Louis: Amended
- Cover of Louis: Amended
- Author: Louise Krug
- Language: English
- Genre: Memoir
- Publisher: Black Balloon Publishing
- Publication date: April 24, 2012
- Publication place: United States
- Media type: Print (Paperback) Digital (EPUB)
- Pages: 200
- ISBN: 978-1-936-78701-2

= Louise: Amended =

Memoir by Louise Krug

Louise: Amended is a memoir by the American author Louise Krug, published on April 24, 2012 by Black Balloon Publishing. Publishers Weekly named it one of the best nonfiction books of 2012, calling it "an immediate, unsparing, and beautifully rendered account of loss and recovery." Author Mary Karr also called it "a page-turner in which a person's very soul deepens before your eyes."
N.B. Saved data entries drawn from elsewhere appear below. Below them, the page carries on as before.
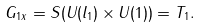Convert formula to latex. <formula><loc_0><loc_0><loc_500><loc_500>G _ { 1 x } = S ( U ( l _ { 1 } ) \times U ( 1 ) ) = T _ { 1 } .</formula> 
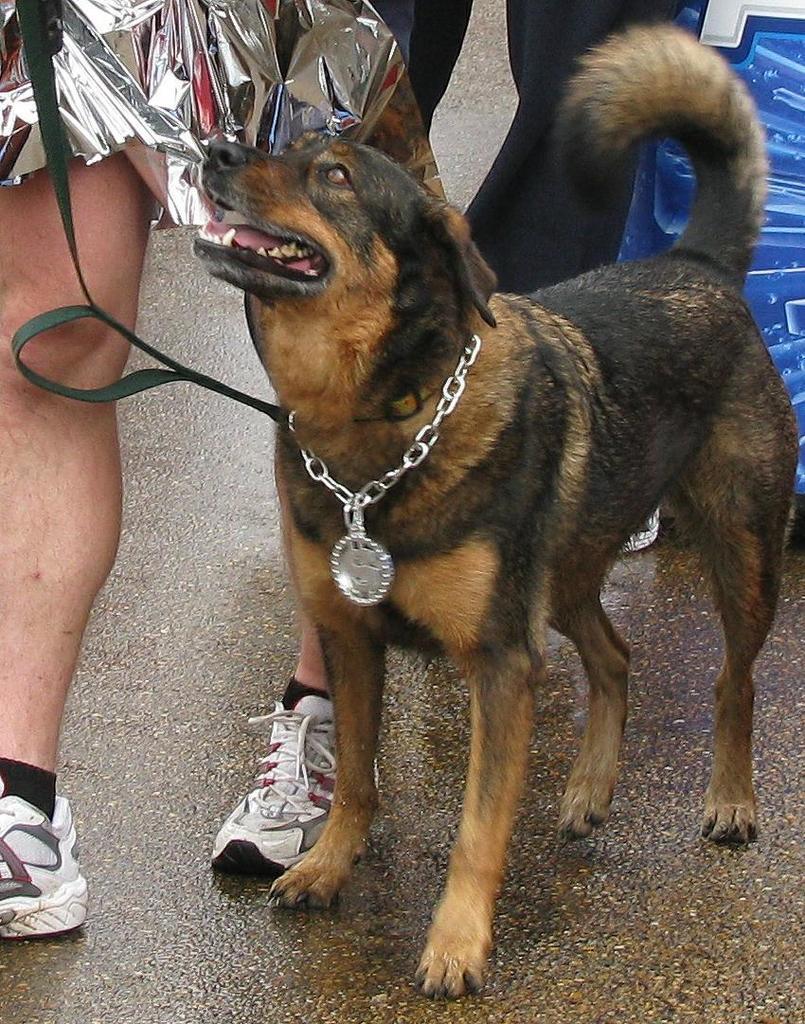How would you summarize this image in a sentence or two? In this image there are some people and also there is one dog, in the background there is one board and at the bottom there is a walkway and one person is holding some belt. 
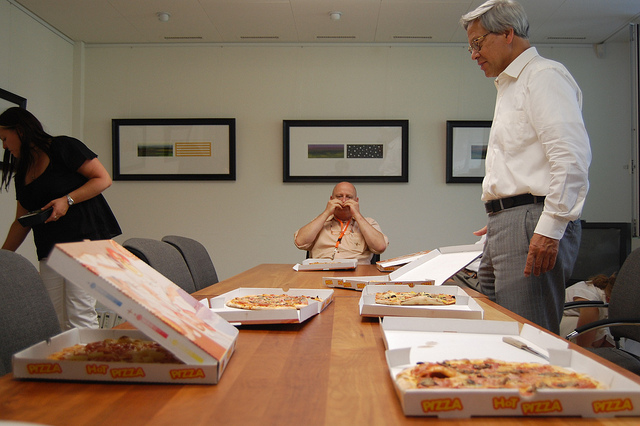<image>How much care is being put into this food's preparation? It's ambiguous how much care is being put into this food's preparation. It can be both little or a lot. How much care is being put into this food's preparation? It is ambiguous how much care is being put into this food's preparation. It can be seen as 'not much', 'lot', 'little' or 'none'. 
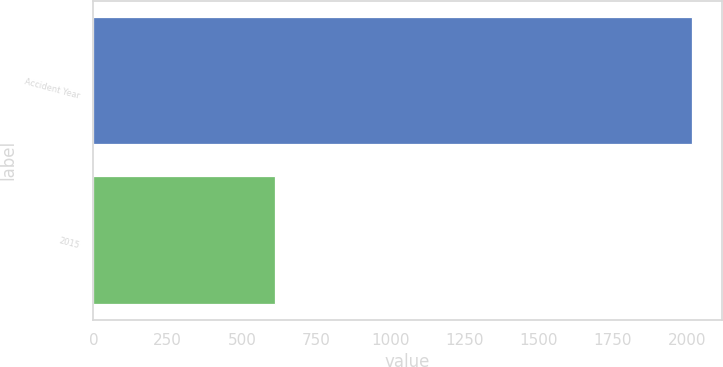Convert chart to OTSL. <chart><loc_0><loc_0><loc_500><loc_500><bar_chart><fcel>Accident Year<fcel>2015<nl><fcel>2015<fcel>610<nl></chart>

At 22 years old, Kansas-born Krug travelled to California with her French boyfriend to pursue her dream of becoming a celebrity journalist. Weeks after they arrived, she fainted at a Santa Barbara Film Festival premiere, afterward suffering from numbness, headaches, double vision, vertigo and difficulty walking. A doctor later discovered that a cavernous angioma in Krug's brain had burst, causing the symptoms — many of which were irreversible.

In Louise: Amended, Krug recounts her dashed dreams, the details of her condition and the difficulties of her recovery. The book is a combination of traditional memoir interspersed with fictional chapters written from the perspective of her boyfriend, family and friends, examining how personal tragedies affect entire groups of people.